What kind of English word is “Winnemucca”? How about “taco”? “Fond du Lac”? People who get bent out of shape over other people speaking languages besides English while out in public in this country probably fail to realize how many English words have their origin in other languages. As much as 30 percent of English words are
borrowed from the world’s thousands of languages. It would be difficult or impossible for the average English speaker to use only Anglo-Saxon words.

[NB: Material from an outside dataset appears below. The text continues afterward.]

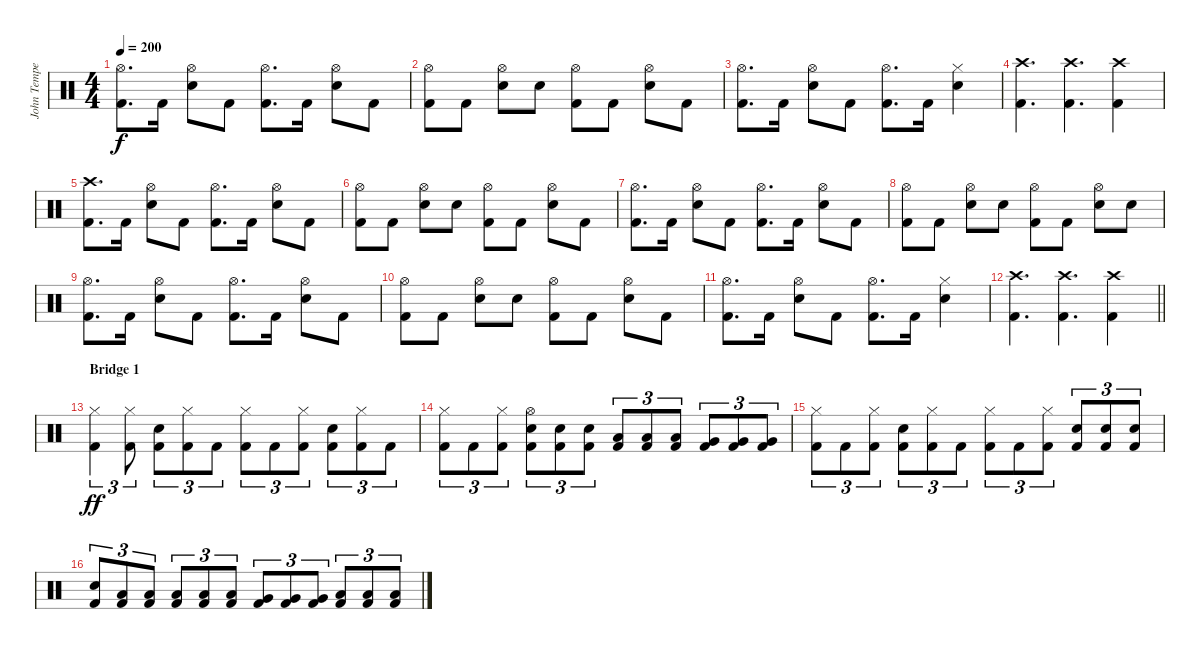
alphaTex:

In the United States especially, where nearly 100 percent of the population comes from elsewhere in the world, the English language is a polyglot mixture made up of additions from languages everywhere, and yet
it stands apart in its diction, its spelling, and in other ways. Place names preeminently use some version borrowed from the many Native American languages that have all but disappeared otherwise. What does it mean to send somebody
back where they came from, when almost everybody came from somewhere else at one time? Send them back where? To Ohio? To Florida? If we go back far enough in time, almost everyone will have to leave, and the Native Americans – what is left of them – will no doubt feel immense relief, as of an oppressive burden lifting away from them.
Exclusionary talk is loco chauvinism. It is meshuga, and yahoos who go on about sending others back where they came from are clearly
non compos mentis. They should examine their own origins, which in the latest generation or two or three might be in places like Tulsa, Santa Fe, Tennessee, or Baraboo, but going back further could be traced to Scotland, or Frankfurt, or Sarajevo, and ultimately to Africa. White folks weren’t always white, and anyway no deity ever descended from the heavens to declare whiteness a superior trait. It only matters to people who are terrified of losing their imagined superior place in society, and must have Others to look down upon. Ordering Others to speak English when they are conversing among themselves is not only high-handed, it ignores how immigrants have enriched and informed English itself with words and expressions from everywhere. The proper remark for an English-only speaker to make in that case, if any is necessary at all, is gracias, or merci, or
danke, or mahalo, or arigatô, or . . .
— Ed.
Johnny Cash (1932-2003) sang a North American version of “I’ve Been Everywhere”, a song written in 1959 by Australian country singer Geoff Mack, and which in the original version included all Australian place names, many of them originating in the languages of the Australian Aboriginal peoples.